Final answer:
Using the Central Limit Theorem and the standard normal distribution, we calculated the probability that the sample mean gain for a sample of 31 years is between 400 and 700 to be about 38.67%. Therefore, option D is correct.
Step-by-step explanation:
To find the probability that the mean gain for a sample of 31 years was between 400 and 700, we can use the Central Limit Theorem since the sample size is greater than 30. Given the population mean (μ) is 653 and the population standard deviation (σ) is 1541, we can find the standard error of the mean using the formula σ/√n, where n is the sample size.

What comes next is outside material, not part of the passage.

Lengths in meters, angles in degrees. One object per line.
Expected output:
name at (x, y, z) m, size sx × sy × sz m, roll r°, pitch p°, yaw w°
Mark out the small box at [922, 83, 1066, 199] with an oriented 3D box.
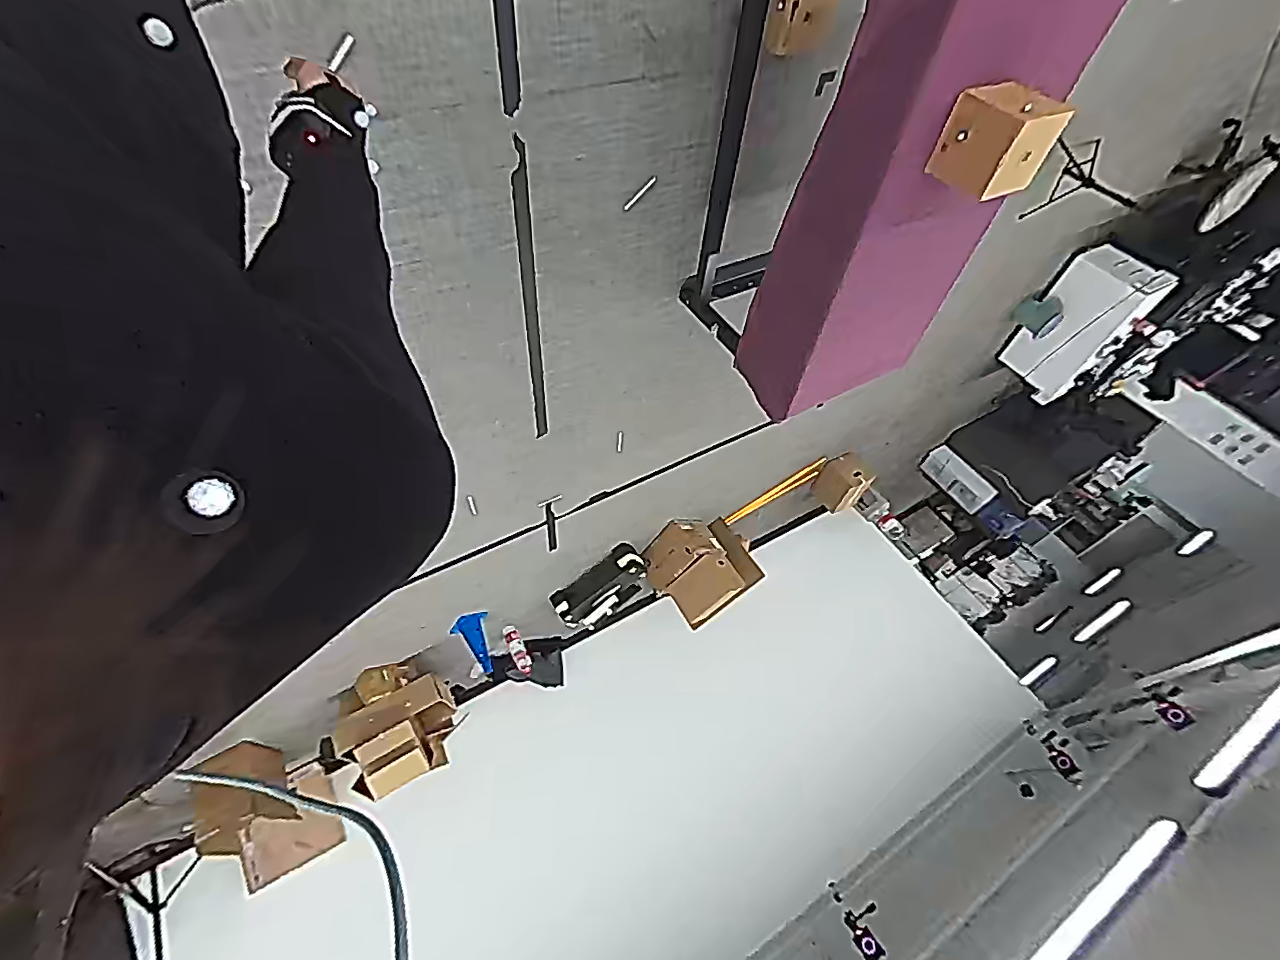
small box at (0.794, -0.775, 1.230) m, size 0.179 × 0.176 × 0.168 m, roll -23°, pitch 150°, yaw -20°

The standard error (SE) of the mean for our sample size of 31 years is:
SE = 1541 / √31 ≈ 276.66
Next, we need to convert the range of interest (400 to 700) into z-scores. The z-score for a value X is given by:
Z = (X - μ) / SE
Calculating z-scores for X = 400 and X = 700:
Z400 = (400 - 653) / 276.66 ≈ -0.913
Z700 = (700 - 653) / 276.66 ≈ 0.17
Using the standard normal distribution table, we can find the probabilities associated with these z-scores:
P(Z < -0.913) and P(Z < 0.17).
Subtracting the smaller probability from the larger gives the probability of the sample mean being between 400 and 700. Let's assume the probabilities from the z-table are P(Z < -0.913) = 0.1808 and P(Z < 0.17) = 0.5675. Thus, the probability the sample mean is between 400 and 700 is 0.5675 - 0.1808 = 0.3867 or about 38.67%.
We can interpret this result as follows:
About 38.67% of samples of 31 years will have an annual mean gain between 400 and 700. Hence, option D is correct.